C'est l'histoire d'une exposition pas tout à fait comme les autres. Depuis le sas de sécurité, une jeune femme nous presse au silence ; nous explique comment les choses vont se dérouler, nous invite à choisir un chiffre par lequel nous allons être appelés. Depuis le sas, on entend le chant cristallin d'un chœur, celui de Windhoek, selon le prospectus. L''Ave Maria' nous embaume, nous berce et nous convie à admirer des tableaux... vivants. Sur un piédestal rotatif, une femme à la peau brune nous regarde droit dans les yeux. Devant des têtes de cervidés empaillés, un couple d'Africains nous fixe. Autant dire que le malaise est grand lorsque le spectateur, d'habitude à l'aise dans sa position de voyeur, est lui aussi regardé. Sachez-le tout de suite, cette exposition n'a rien d'une petite balade joyeuse au milieu de beaux tableaux. Bien que plastiquement très réussies, les œuvres de Brett Bailey nous confrontent violemment au passé colonial et esclavagiste de l'Europe (Hollande, Portugal, France). On y lit les tortures, les exactions, les retours meurtriers à la frontière, le destin tragique des réfugiés. Apposées sur des pupitres, ou glissées dans un coin du tableau, des phrases nous plongent tête baissée dans l'horreur banalisée, on y lit que « Les noirs ont été nourris » ou qu'il faut « Civiliser les indigènes ».

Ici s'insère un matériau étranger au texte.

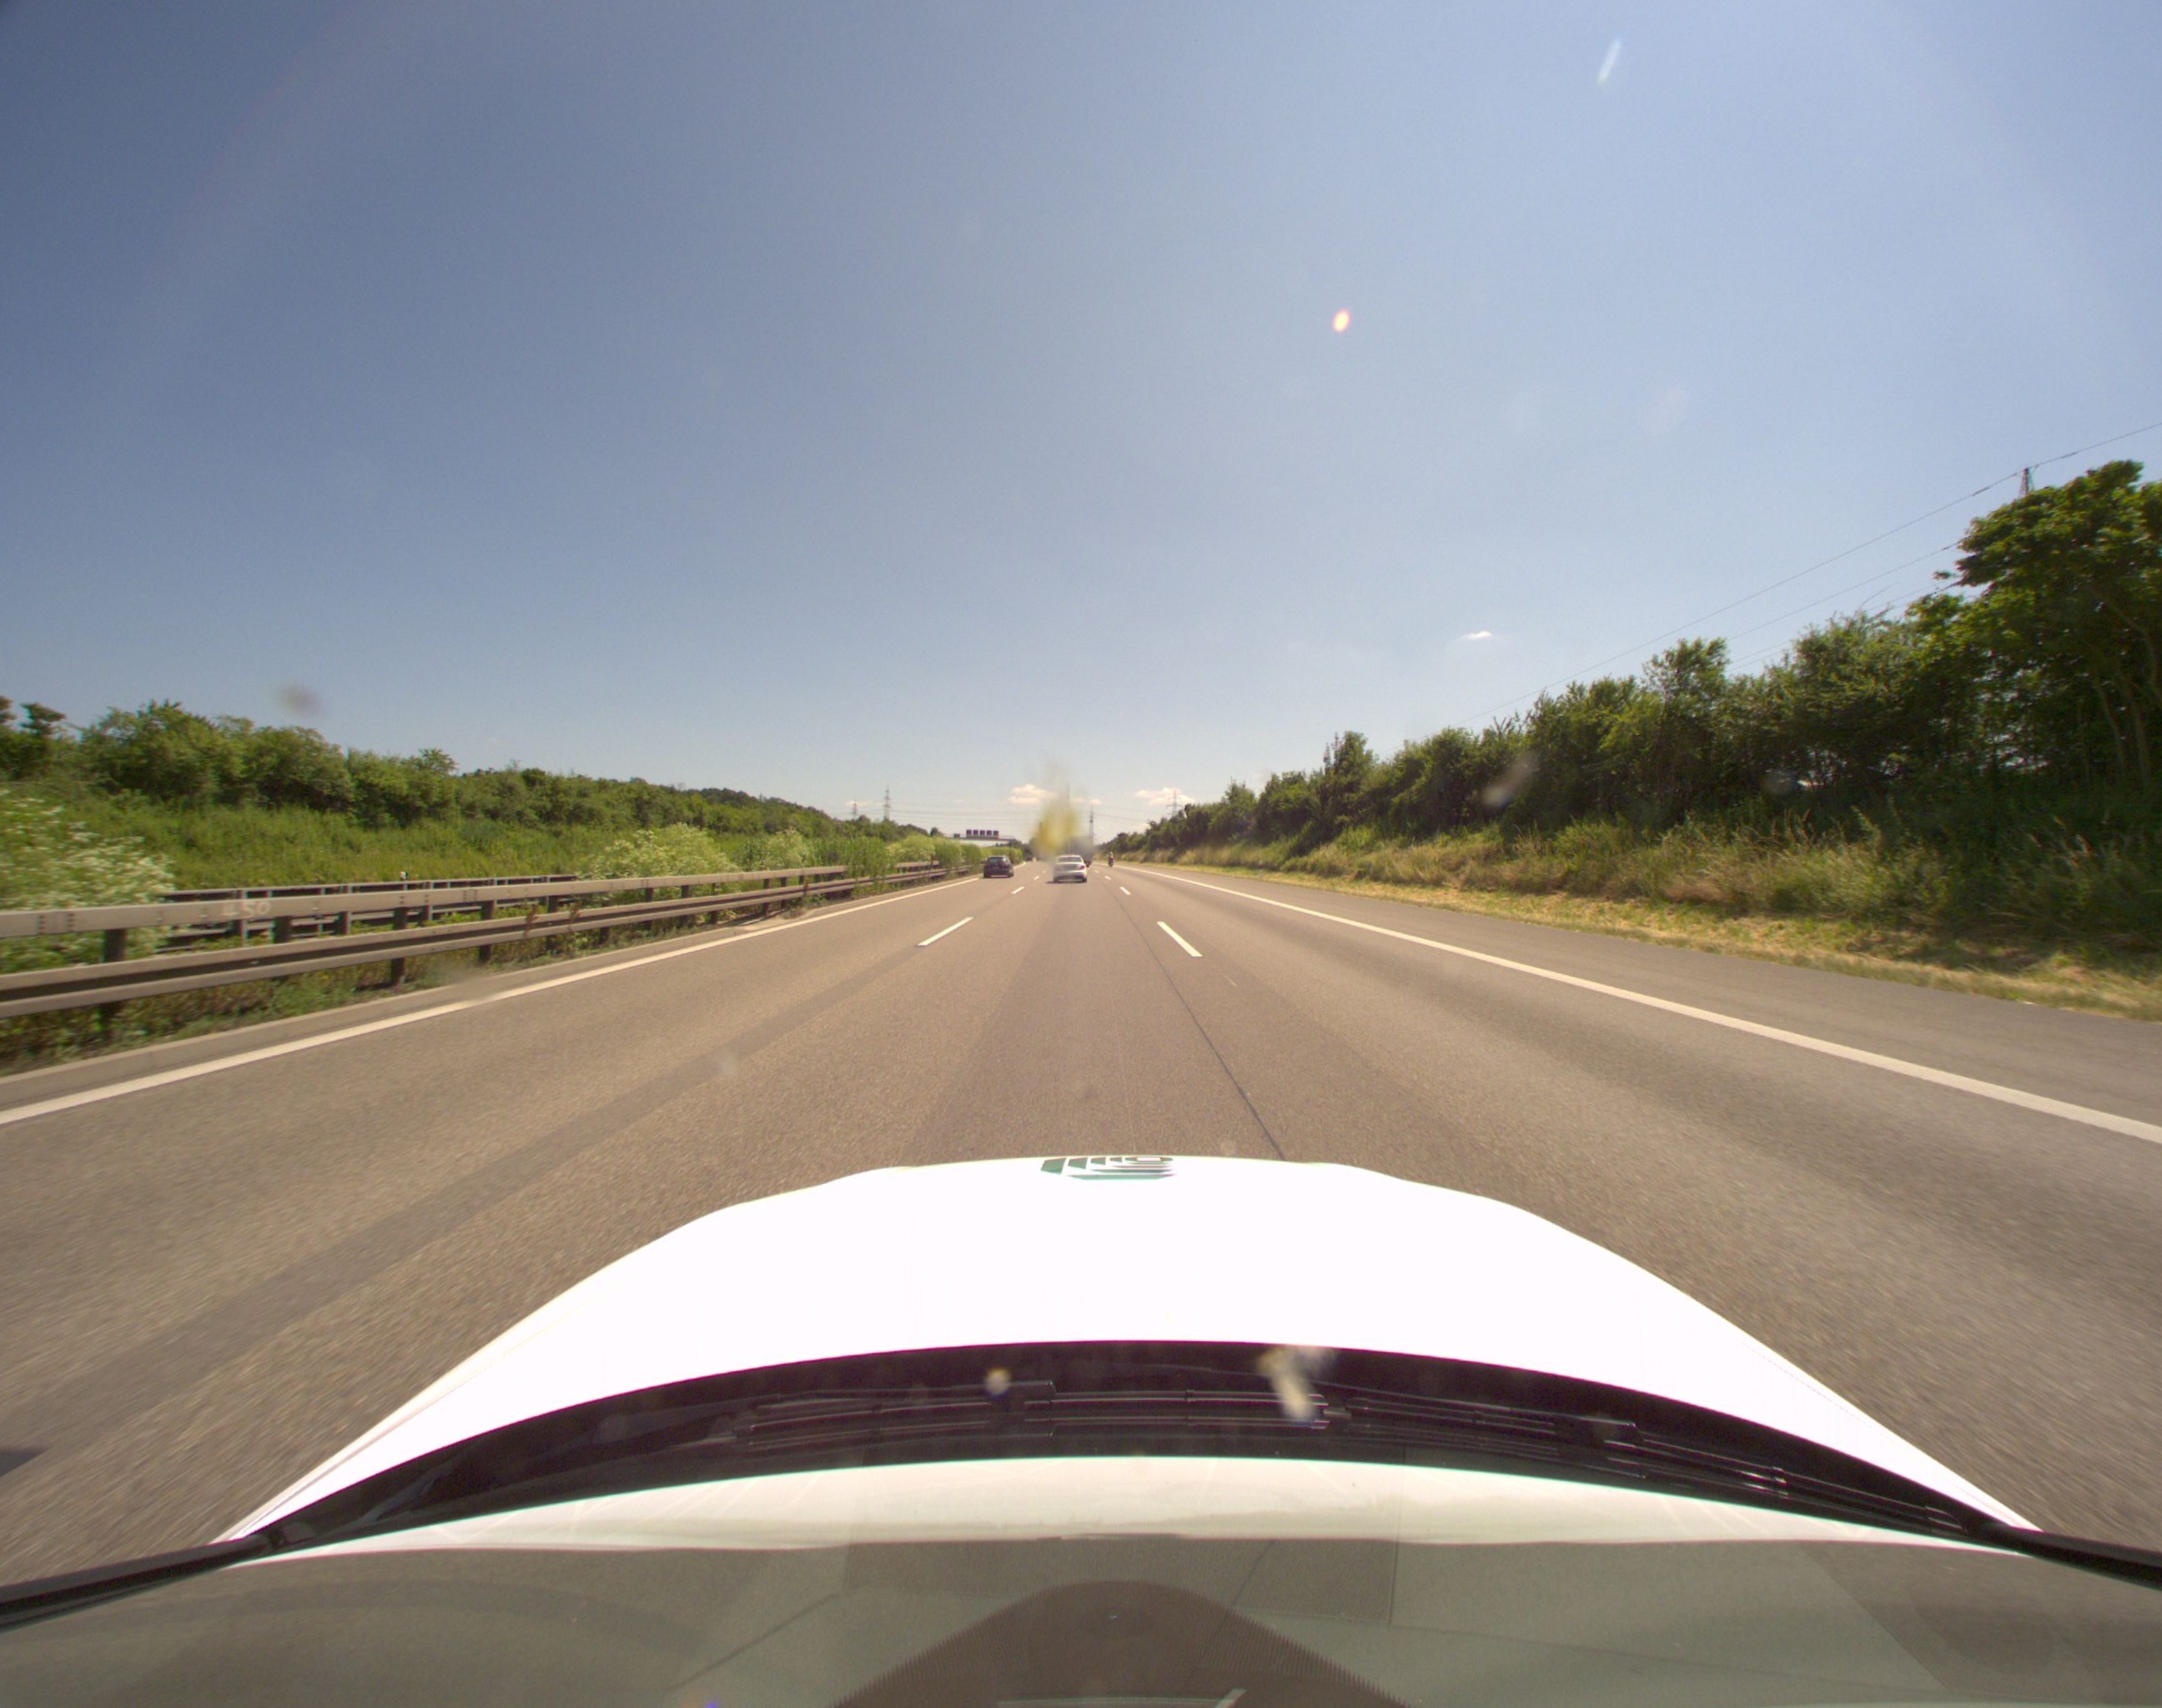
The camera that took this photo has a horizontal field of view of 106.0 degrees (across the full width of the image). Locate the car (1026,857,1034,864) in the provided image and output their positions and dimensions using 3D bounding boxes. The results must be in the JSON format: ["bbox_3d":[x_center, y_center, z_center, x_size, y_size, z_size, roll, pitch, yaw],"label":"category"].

Ni photographie en papier glacé, ni vidéo différée, mais des yeux pleins de ces tragédies, des regards qui soutiennent les nôtres. « Les chambres sombres de notre imaginaire collectif sont hantées par de fausses représentations silencieuses et des configurations tordues de l'altérité. Elles masquent les atrocités commises par le colonialisme dans les robes chatoyantes de la civilisation. Elles contribuent aux stéréotypes avilissants et aux systèmes deshumanisants tels que l'Apartheid, système dans lequel j'ai grandi » raconte Bailey.
'Exhibit B' (pour pièce à conviction) ne se « contente » pas de ressusciter les démons d'autrefois, mais expose le procédé de deshumanisation qui a mené, en toute conscience, aux tortures et aux pillages. Pire, il nous invite à retrouver cette même déshumanisation dans le racisme contemporain. Celui qui, entre autres, tua Mariam Getu Hagos dans l'enceinte du bel aéroport de Roissy en 2003.